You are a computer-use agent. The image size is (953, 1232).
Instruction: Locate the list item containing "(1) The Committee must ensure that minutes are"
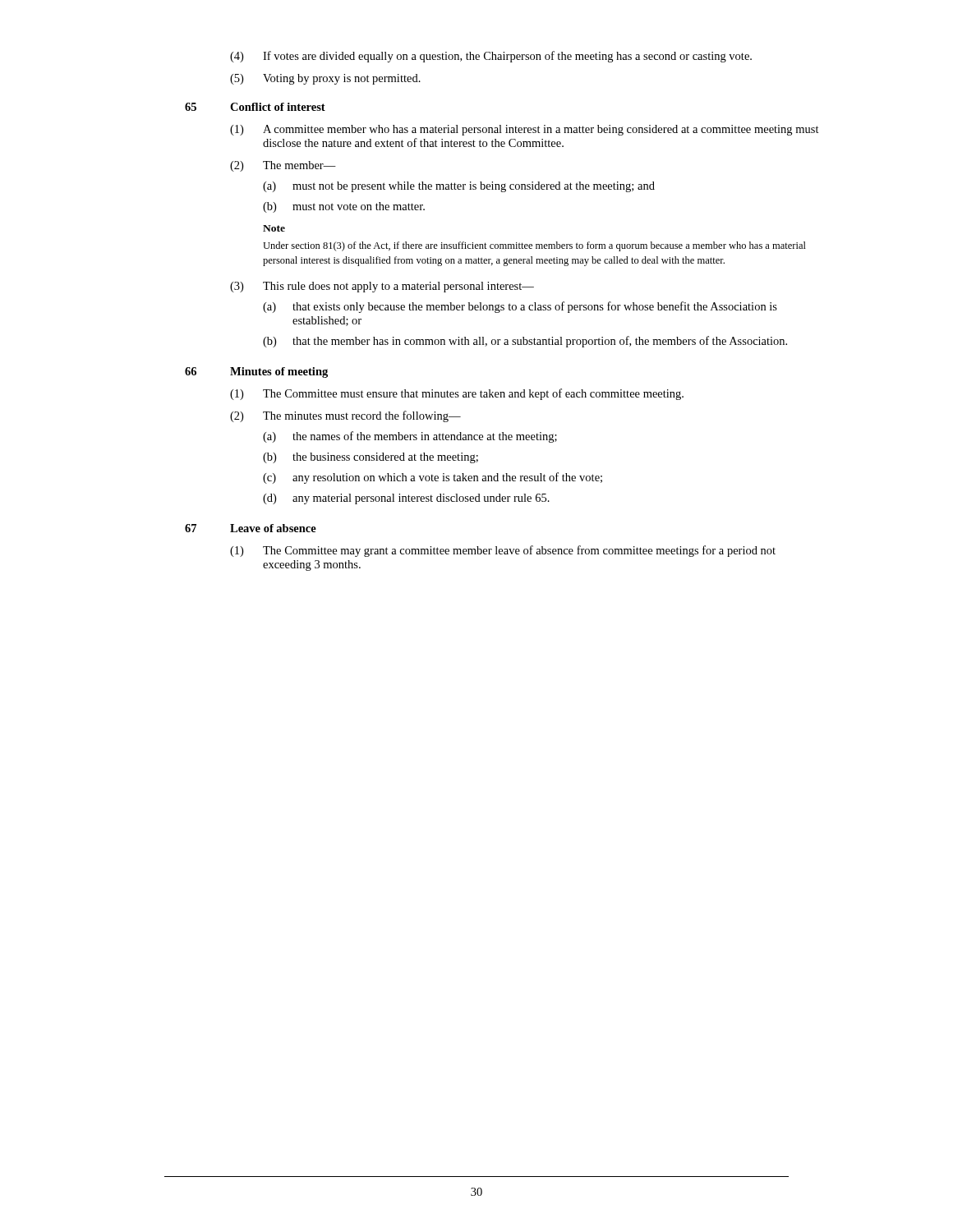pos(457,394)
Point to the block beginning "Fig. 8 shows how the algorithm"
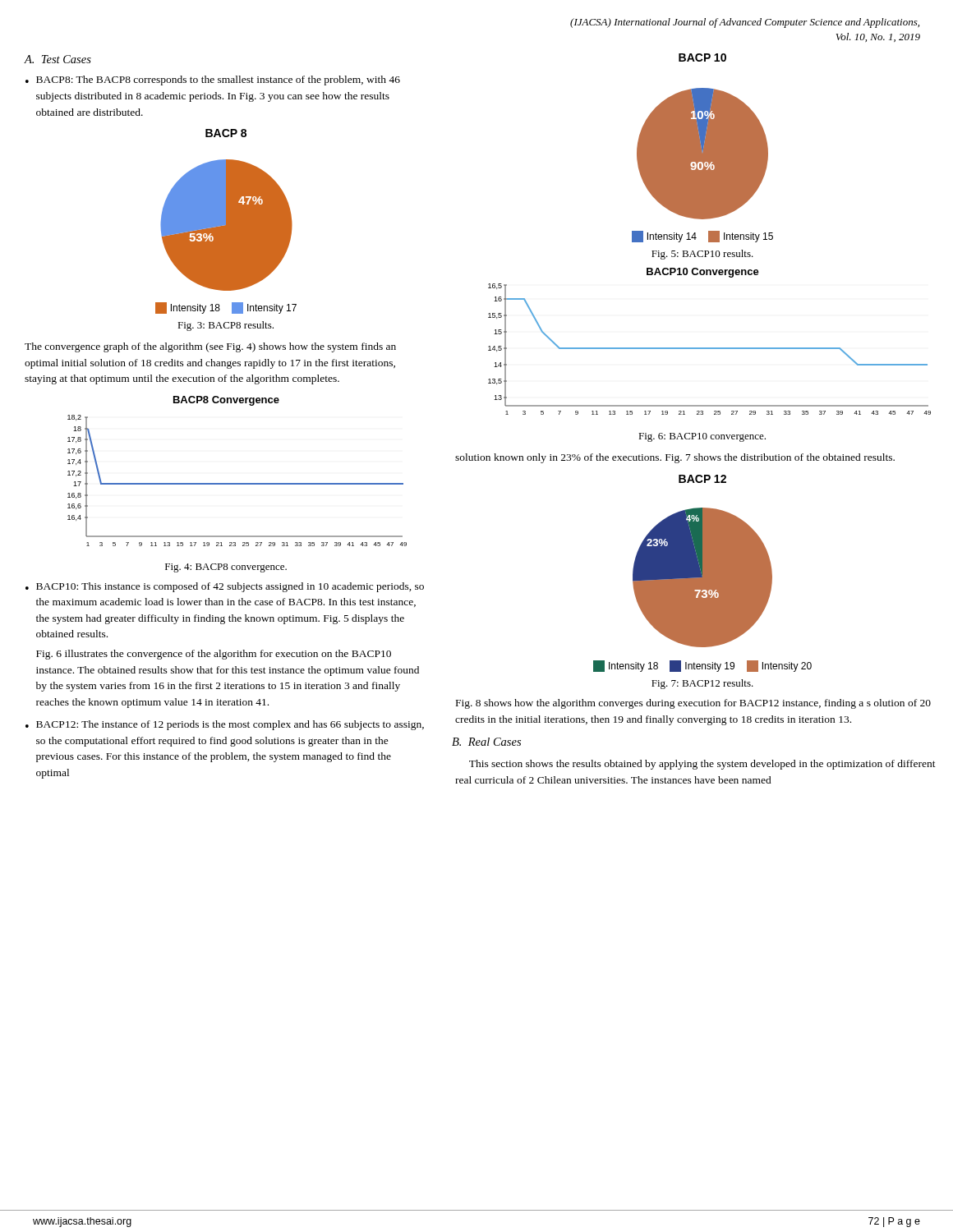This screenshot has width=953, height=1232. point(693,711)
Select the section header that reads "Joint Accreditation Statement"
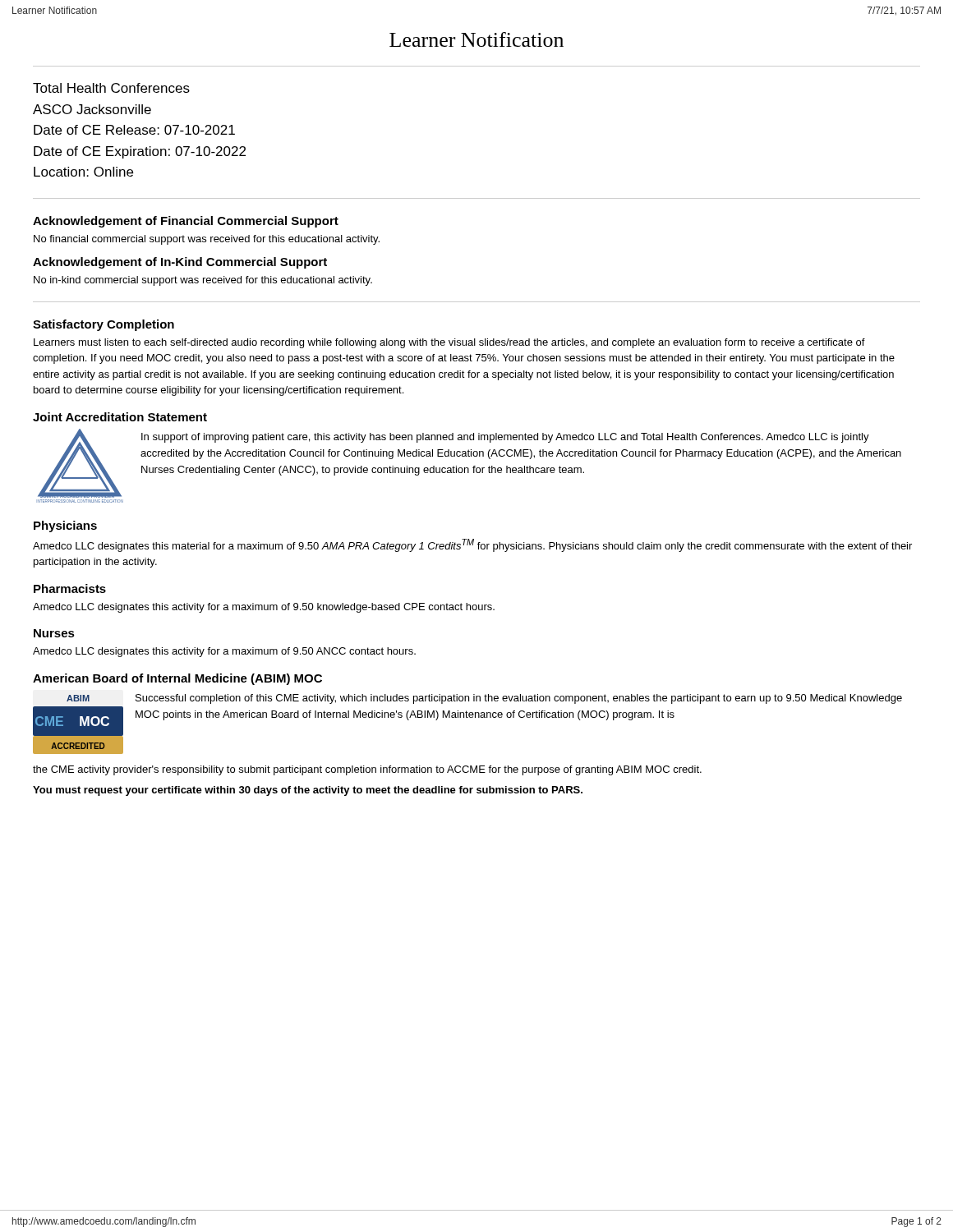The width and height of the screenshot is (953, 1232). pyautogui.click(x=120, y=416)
· · · ·
=== YOUR ASSIGNMENT ===
Would you print all of the entries exactly, omitting any image?

=== RESPONSE TO THE EXERCISE ===
You are a computer-use agent. The image size is (953, 1232).
Instruction: Locate the list item containing "(1) The Committee must ensure that minutes are"
pos(457,394)
Point to the block beginning "Fig. 8 shows how the algorithm"
This screenshot has width=953, height=1232. point(693,711)
Select the section header that reads "Joint Accreditation Statement"
The width and height of the screenshot is (953, 1232). pyautogui.click(x=120, y=416)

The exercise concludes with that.